July 16, 2009

RALEIGH — North Carolina’s latest unemployment numbers help expose problems associated with the federal government’s stimulus plan, according to a John Locke Foundation analyst with a Ph.D. in economics. Proposed state tax hikes of nearly $1 billion a year would make existing problems worse.

Click here to view and here to listen to Dr. Roy Cordato discussing North Carolina’s latest unemployment data.

The N.C. Employment Security Commission’s latest report lists the state’s unemployment rate at 11 percent for June, down one-tenth of a percentage point from May’s record-breaking rate of 11.1 percent. North Carolina ranks No. 8 in the country in unemployment. The May unemployment numbers featured the highest recorded rate since the state started keeping seasonally adjusted data, according to the ESC.

“The state’s continuing struggles with unprecedented unemployment offer more proof that the federal government has done nothing to stimulate the economy,” said economist Dr. Roy Cordato, JLF Vice President for Research and Resident Scholar. “In fact, increased government spending cannot stimulate the economy. Increased government spending is a drag on the economy.”

Pundits have missed that point, Cordato said. “We’ve heard plenty of excuses for the stimulus package’s failure: people are saving money instead of spending it; the money is going to Wall Street fat cats; most money hasn’t been spent yet; the stimulus plan was too small; there hasn’t been enough time for it to work,” he said. “All of these explanations miss the mark.”

“The stimulus package is a failure because it can’t succeed,” Cordato explained. “You can no more stimulate an economy by transferring resources from one group of people within the economy to others than you can receive a blood transfusion by taking blood from a vein in one arm and injecting it into a vein in the other arm. It makes no difference who the money goes to or whether people spend it or save it.”

Cordato points to the Obama administration’s earlier projections that its $787 billion stimulus spending plan would help curb unemployment. “In January, President Obama predicted that the national unemployment rate would reach 8.7 percent with no federal government action, while his administration’s stimulus package would help lower that rate to 7.9 percent,” Cordato said. “Now that the national unemployment rate has reached 9.4 percent — with the strong chance that it will continue to grow — we know the president was wrong.”

“What’s especially disturbing is that President Obama has said that the stimulus bill has worked as intended,” Cordato added. “If that’s true, the president must have been lying back in January about his intentions.”

Stimulus spending sucks money out of the private sector, where it’s needed for the investments that will help the economy emerge from its lingering slump, Cordato said.

“Unfortunately, state government leaders are faring no better than the Obama administration in recognizing this fact,” he said. “By agreeing that they want to raise state taxes by $990 million this year, House and Senate budget writers seem to ignore the evidence of an unemployment problem that’s been growing month after month in North Carolina for more than a year.”

“Higher taxes mean North Carolinians will have less money available to them to get the economy moving,” Cordato added. “This new state budget will help delay economic recovery rather than get the government out of the way of that recovery.”

Lawmakers are missing an opportunity to scale back the size of government and simplify the state’s tax code, Cordato said. “The economic downturn gave state leaders a good excuse to refocus on government’s core functions,” he said. “When interest groups and constituencies came around begging for more money for their particular pet programs — as they do in good times and bad — our officials could have said, ‘No, struggling taxpayers can’t afford it.’ Instead budget writers scrambled to find new, inventive ways to squeeze money out of the private sector to feed government growth.”

Seasonally adjusted employment decreased by more than 5,600 workers to a total of 4.05 million, according to the ESC. Unemployment also decreased by 4,700 workers, with more than 502,000 workers now listed as unemployed.

Unemployment has increased by more than 224,000 people in the past year.
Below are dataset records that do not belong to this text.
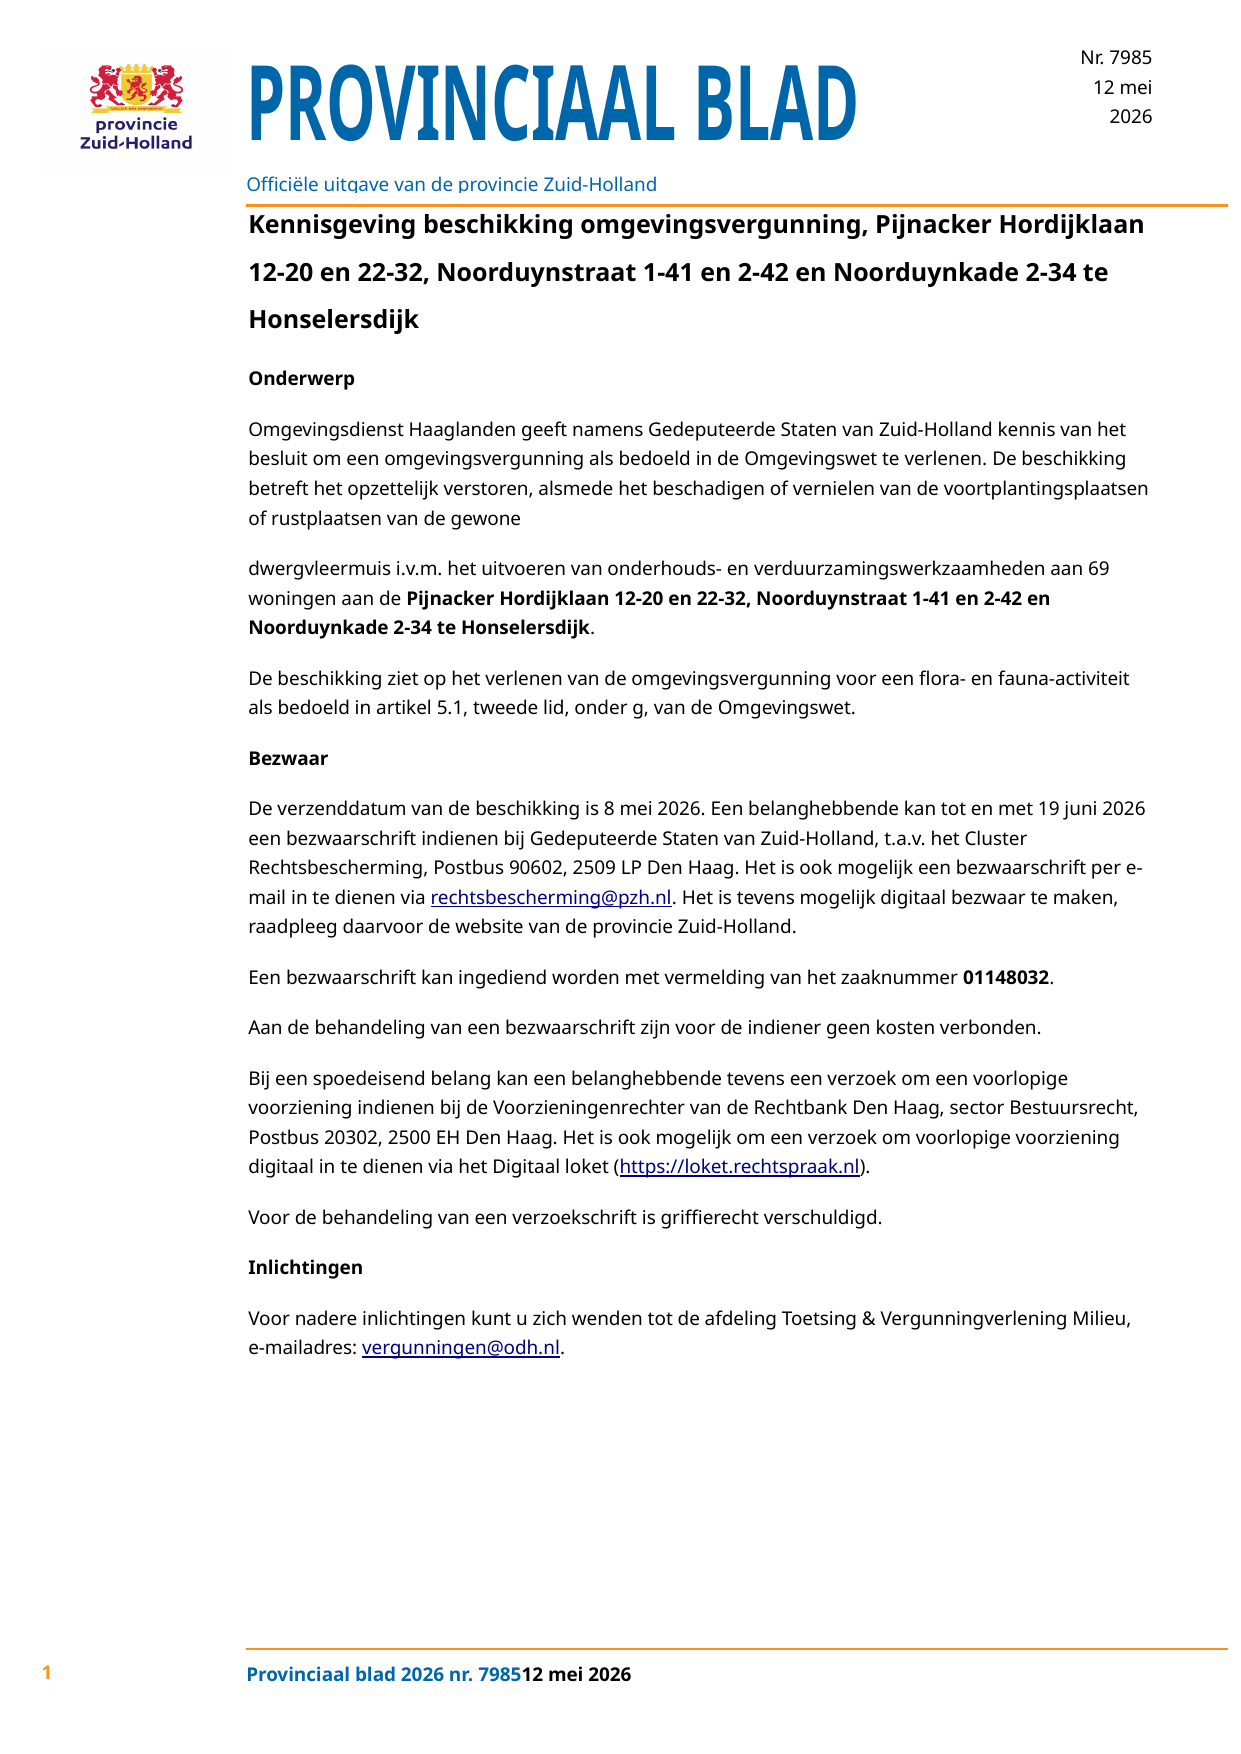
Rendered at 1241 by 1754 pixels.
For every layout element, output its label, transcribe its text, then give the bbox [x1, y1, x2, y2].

text Aan de behandeling van een bezwaarschrift zijn voor de indiener geen kosten verbonden. [248, 1014, 1152, 1040]
text Kennisgeving beschikking omgevingsvergunning, Pijnacker Hordijklaan 12-20 en 22-32, Noorduynstraat 1-41 en 2-42 en Noorduynkade 2-34 te Honselersdijk [248, 207, 1152, 336]
text Een bezwaarschrift kan ingediend worden met vermelding van het zaaknummer 01148032. [248, 964, 1152, 989]
text Bezwaar [248, 745, 1152, 770]
text Voor nadere inlichtingen kunt u zich wenden tot de afdeling Toetsing & Vergunningverlening Milieu, e-mailadres: vergunningen@odh.nl. [248, 1305, 1152, 1360]
text Bij een spoedeisend belang kan een belanghebbende tevens een verzoek om een voorlopige voorziening indienen bij de Voorzieningenrechter van de Rechtbank Den Haag, sector Bestuursrecht, Postbus 20302, 2500 EH Den Haag. Het is ook mogelijk om een verzoek om voorlopige voorziening digitaal in te dienen via het Digitaal loket (https://loket.rechtspraak.nl). [248, 1065, 1152, 1179]
text De verzenddatum van de beschikking is 8 mei 2026. Een belanghebbende kan tot en met 19 juni 2026 een bezwaarschrift indienen bij Gedeputeerde Staten van Zuid-Holland, t.a.v. het Cluster Rechtsbescherming, Postbus 90602, 2509 LP Den Haag. Het is ook mogelijk een bezwaarschrift per e-mail in te dienen via rechtsbescherming@pzh.nl. Het is tevens mogelijk digitaal bezwaar te maken, raadpleeg daarvoor de website van de provincie Zuid-Holland. [248, 795, 1152, 939]
text De beschikking ziet op het verlenen van de omgevingsvergunning voor een flora- en fauna-activiteit als bedoeld in artikel 5.1, tweede lid, onder g, van de Omgevingswet. [248, 665, 1152, 720]
text Omgevingsdienst Haaglanden geeft namens Gedeputeerde Staten van Zuid-Holland kennis van het besluit om een omgevingsvergunning als bedoeld in de Omgevingswet te verlenen. De beschikking betreft het opzettelijk verstoren, alsmede het beschadigen of vernielen van de voortplantingsplaatsen of rustplaatsen van de gewone [248, 416, 1152, 530]
text dwergvleermuis i.v.m. het uitvoeren van onderhouds- en verduurzamingswerkzaamheden aan 69 woningen aan de Pijnacker Hordijklaan 12-20 en 22-32, Noorduynstraat 1-41 en 2-42 en Noorduynkade 2-34 te Honselersdijk. [248, 555, 1152, 640]
text Onderwerp [248, 366, 1152, 391]
text Voor de behandeling van een verzoekschrift is griffierecht verschuldigd. [248, 1204, 1152, 1229]
picture [41, 47, 231, 172]
text Inlichtingen [248, 1254, 1152, 1280]
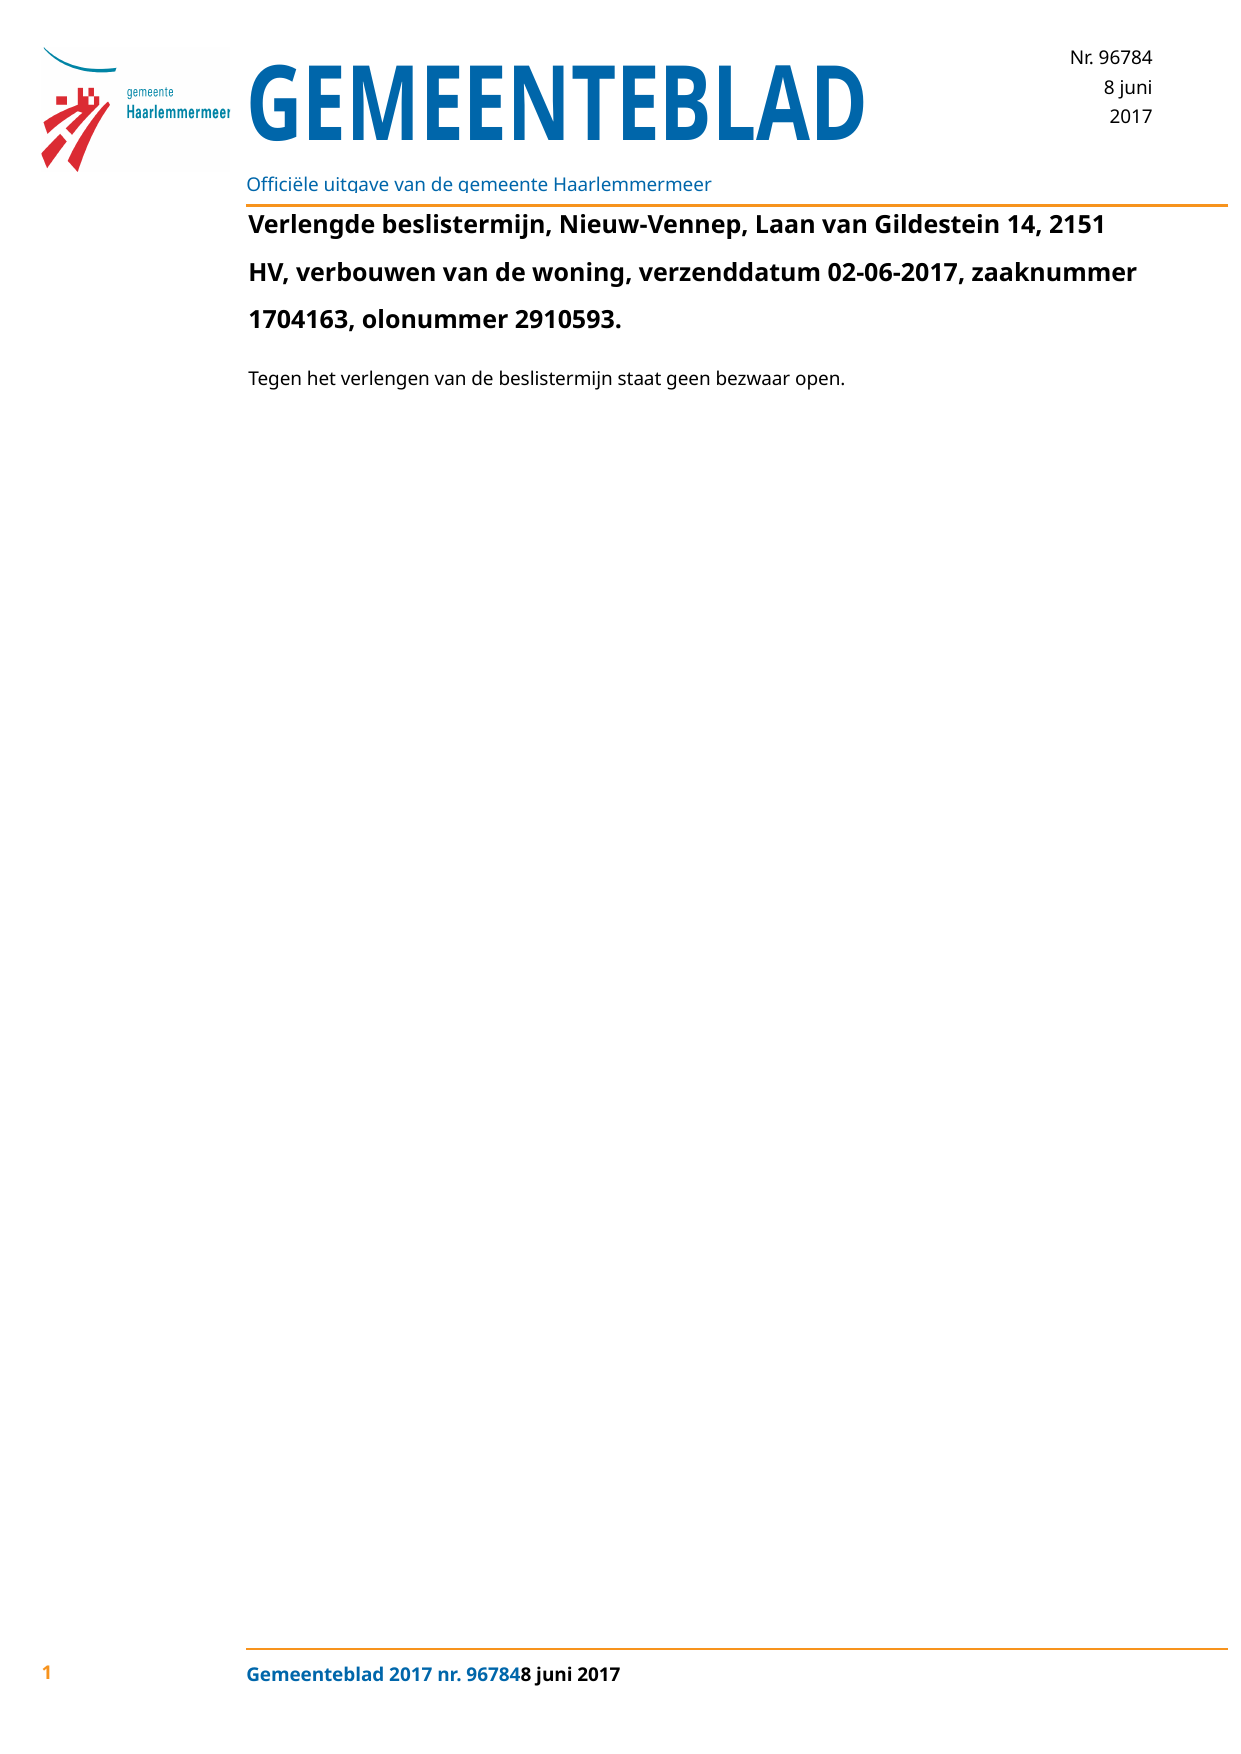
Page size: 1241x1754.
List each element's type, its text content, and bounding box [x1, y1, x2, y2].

text Verlengde beslistermijn, Nieuw-Vennep, Laan van Gildestein 14, 2151 HV, verbouwen van de woning, verzenddatum 02-06-2017, zaaknummer 1704163, olonummer 2910593. [248, 207, 1152, 336]
text Tegen het verlengen van de beslistermijn staat geen bezwaar open. [248, 366, 1152, 391]
picture [41, 47, 231, 172]
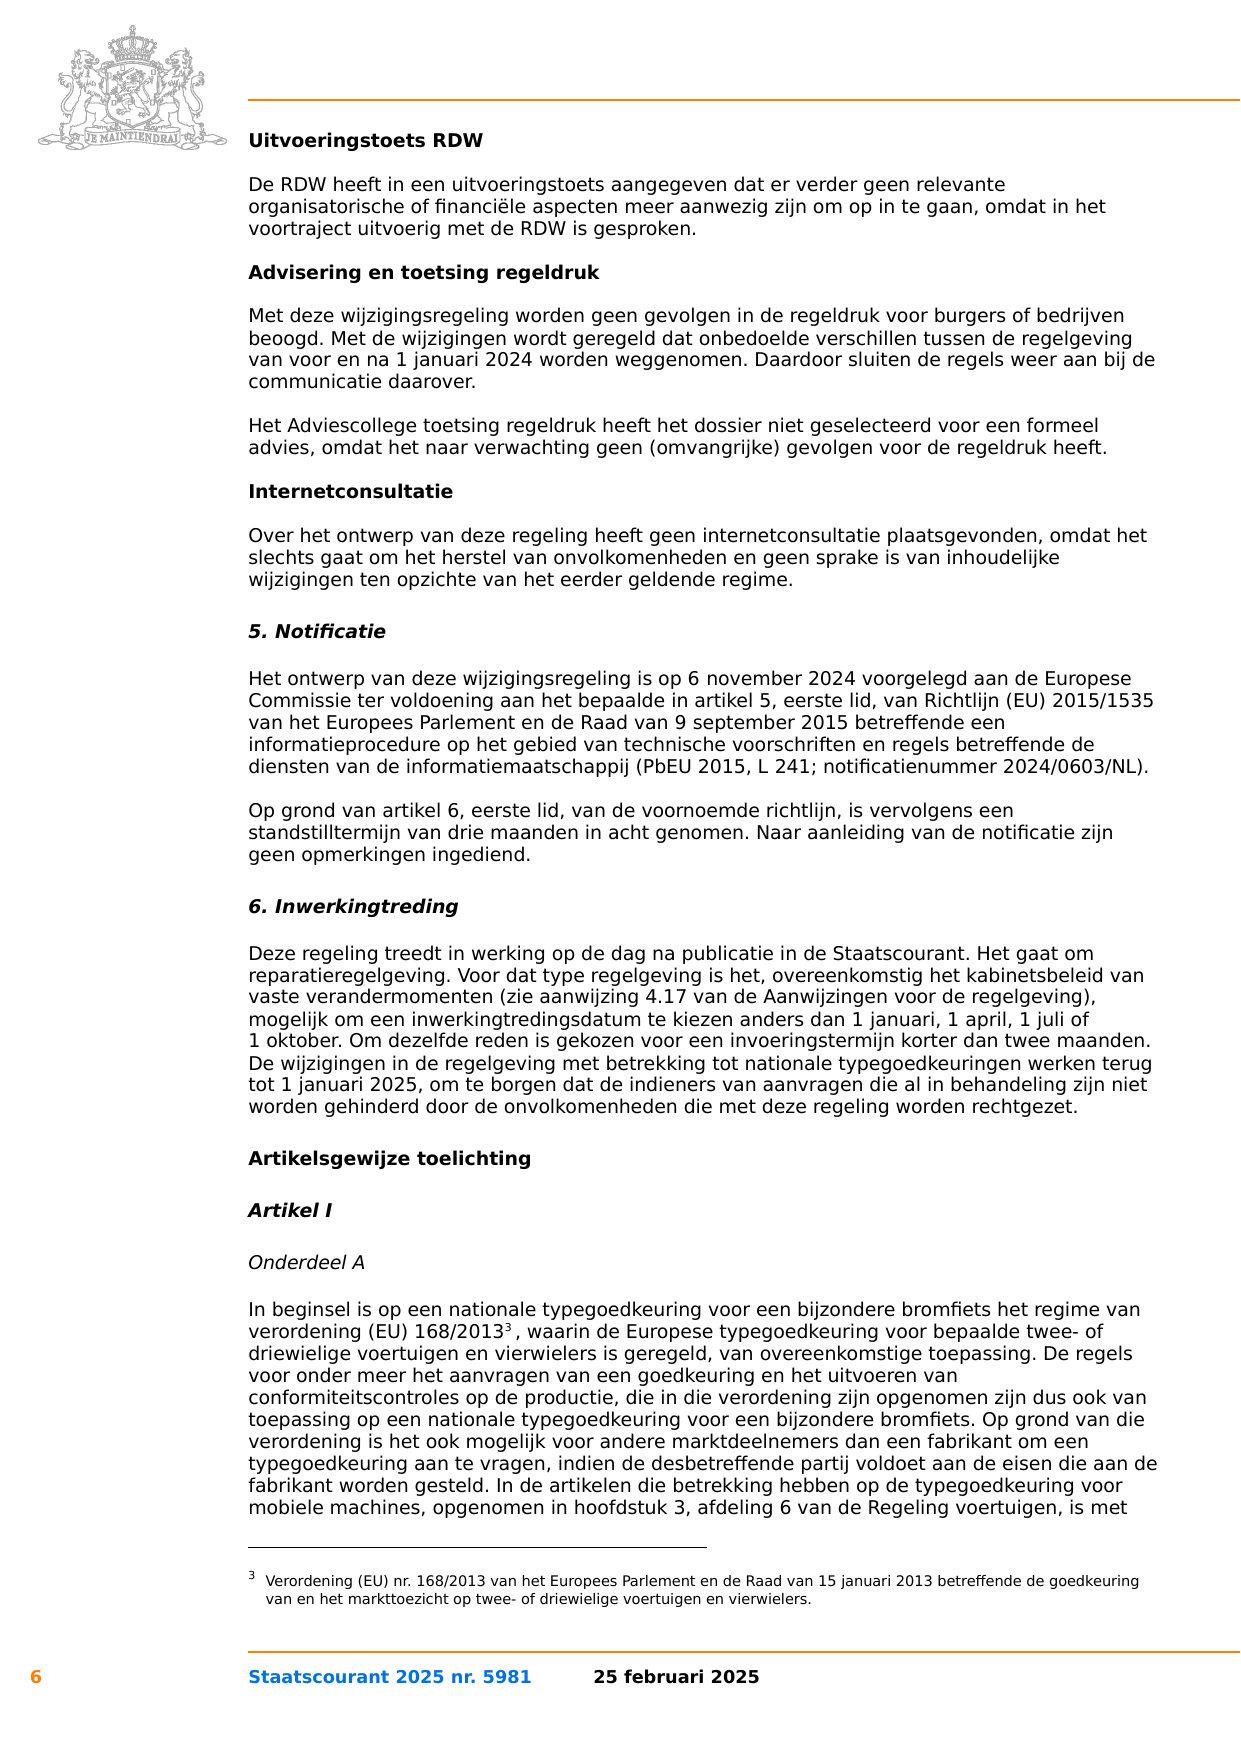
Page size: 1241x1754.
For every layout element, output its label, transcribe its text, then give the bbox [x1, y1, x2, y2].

subtitle Uitvoeringstoets RDW [248, 130, 1163, 152]
subtitle 5. Notificatie [248, 621, 1163, 643]
text Over het ontwerp van deze regeling heeft geen internetconsultatie plaatsgevonden, omdat het slechts gaat om het herstel van onvolkomenheden en geen sprake is van inhoudelijke wijzigingen ten opzichte van het eerder geldende regime. [248, 525, 1163, 591]
text Verordening (EU) nr. 168/2013 van het Europees Parlement en de Raad van 15 januari 2013 betreffende de goedkeuring van en het markttoezicht op twee- of driewielige voertuigen en vierwielers. [248, 1569, 1163, 1608]
subtitle Artikel I [248, 1200, 1163, 1222]
subtitle Advisering en toetsing regeldruk [248, 262, 1163, 283]
text Met deze wijzigingsregeling worden geen gevolgen in de regeldruk voor burgers of bedrijven beoogd. Met de wijzigingen wordt geregeld dat onbedoelde verschillen tussen de regelgeving van voor en na 1 januari 2024 worden weggenomen. Daardoor sluiten de regels weer aan bij de communicatie daarover. [248, 305, 1163, 393]
text Het Adviescollege toetsing regeldruk heeft het dossier niet geselecteerd voor een formeel advies, omdat het naar verwachting geen (omvangrijke) gevolgen voor de regeldruk heeft. [248, 415, 1163, 459]
subtitle Onderdeel A [248, 1252, 1163, 1274]
text In beginsel is op een nationale typegoedkeuring voor een bijzondere bromfiets het regime van verordening (EU) 168/2013, waarin de Europese typegoedkeuring voor bepaalde twee- of driewielige voertuigen en vierwielers is geregeld, van overeenkomstige toepassing. De regels voor onder meer het aanvragen van een goedkeuring en het uitvoeren van conformiteitscontroles op de productie, die in die verordening zijn opgenomen zijn dus ook van toepassing op een nationale typegoedkeuring voor een bijzondere bromfiets. Op grond van die verordening is het ook mogelijk voor andere marktdeelnemers dan een fabrikant om een typegoedkeuring aan te vragen, indien de desbetreffende partij voldoet aan de eisen die aan de fabrikant worden gesteld. In de artikelen die betrekking hebben op de typegoedkeuring voor mobiele machines, opgenomen in hoofdstuk 3, afdeling 6 van de Regeling voertuigen, is met [248, 1299, 1163, 1519]
subtitle Artikelsgewijze toelichting [248, 1148, 1163, 1170]
text Op grond van artikel 6, eerste lid, van de voornoemde richtlijn, is vervolgens een standstilltermijn van drie maanden in acht genomen. Naar aanleiding van de notificatie zijn geen opmerkingen ingediend. [248, 799, 1163, 866]
text Deze regeling treedt in werking op de dag na publicatie in de Staatscourant. Het gaat om reparatieregelgeving. Voor dat type regelgeving is het, overeenkomstig het kabinetsbeleid van vaste verandermomenten (zie aanwijzing 4.17 van de Aanwijzingen voor de regelgeving), mogelijk om een inwerkingtredingsdatum te kiezen anders dan 1 januari, 1 april, 1 juli of 1 oktober. Om dezelfde reden is gekozen voor een invoeringstermijn korter dan twee maanden. De wijzigingen in de regelgeving met betrekking tot nationale typegoedkeuringen werken terug tot 1 januari 2025, om te borgen dat de indieners van aanvragen die al in behandeling zijn niet worden gehinderd door de onvolkomenheden die met deze regeling worden rechtgezet. [248, 942, 1163, 1118]
picture [38, 25, 227, 150]
text Het ontwerp van deze wijzigingsregeling is op 6 november 2024 voorgelegd aan de Europese Commissie ter voldoening aan het bepaalde in artikel 5, eerste lid, van Richtlijn (EU) 2015/1535 van het Europees Parlement en de Raad van 9 september 2015 betreffende een informatieprocedure op het gebied van technische voorschriften en regels betreffende de diensten van de informatiemaatschappij (PbEU 2015, L 241; notificatienummer 2024/0603/NL). [248, 668, 1163, 778]
subtitle Internetconsultatie [248, 481, 1163, 503]
subtitle 6. Inwerkingtreding [248, 896, 1163, 917]
text De RDW heeft in een uitvoeringstoets aangegeven dat er verder geen relevante organisatorische of financiële aspecten meer aanwezig zijn om op in te gaan, omdat in het voortraject uitvoerig met de RDW is gesproken. [248, 174, 1163, 240]

The state rate in June 2008 was 6.1 percent.

Those sobering numbers should convince taxpayers and lawmakers that so-called stimulus spending plans do not work, Cordato said. “It’s more than just a case of the Obama stimulus package not solving our economic problems,” he said. “The stimulus plan is the problem. Government cannot help the economy by taking more money out of taxpayers’ hands and funneling it to government projects.”

It’s a lesson that would benefit state budget negotiators, Cordato said. “History shows that raising taxes during an economic slump slows the recovery from that slump,” he said. “Unfortunately, history also shows that North Carolina lawmakers spend too much money during good economic times and respond to bad times by raising taxes. It looks as if the new state budget will continue that disturbing trend.”

“If North Carolina faces a continued struggle with double-digit unemployment rates and weak economic growth, taxpayers will know whom they can thank,” Cordato added. “Tax increases from state lawmakers will not pave the way to economic prosperity. They’ll only help government feed its addiction to too much spending.”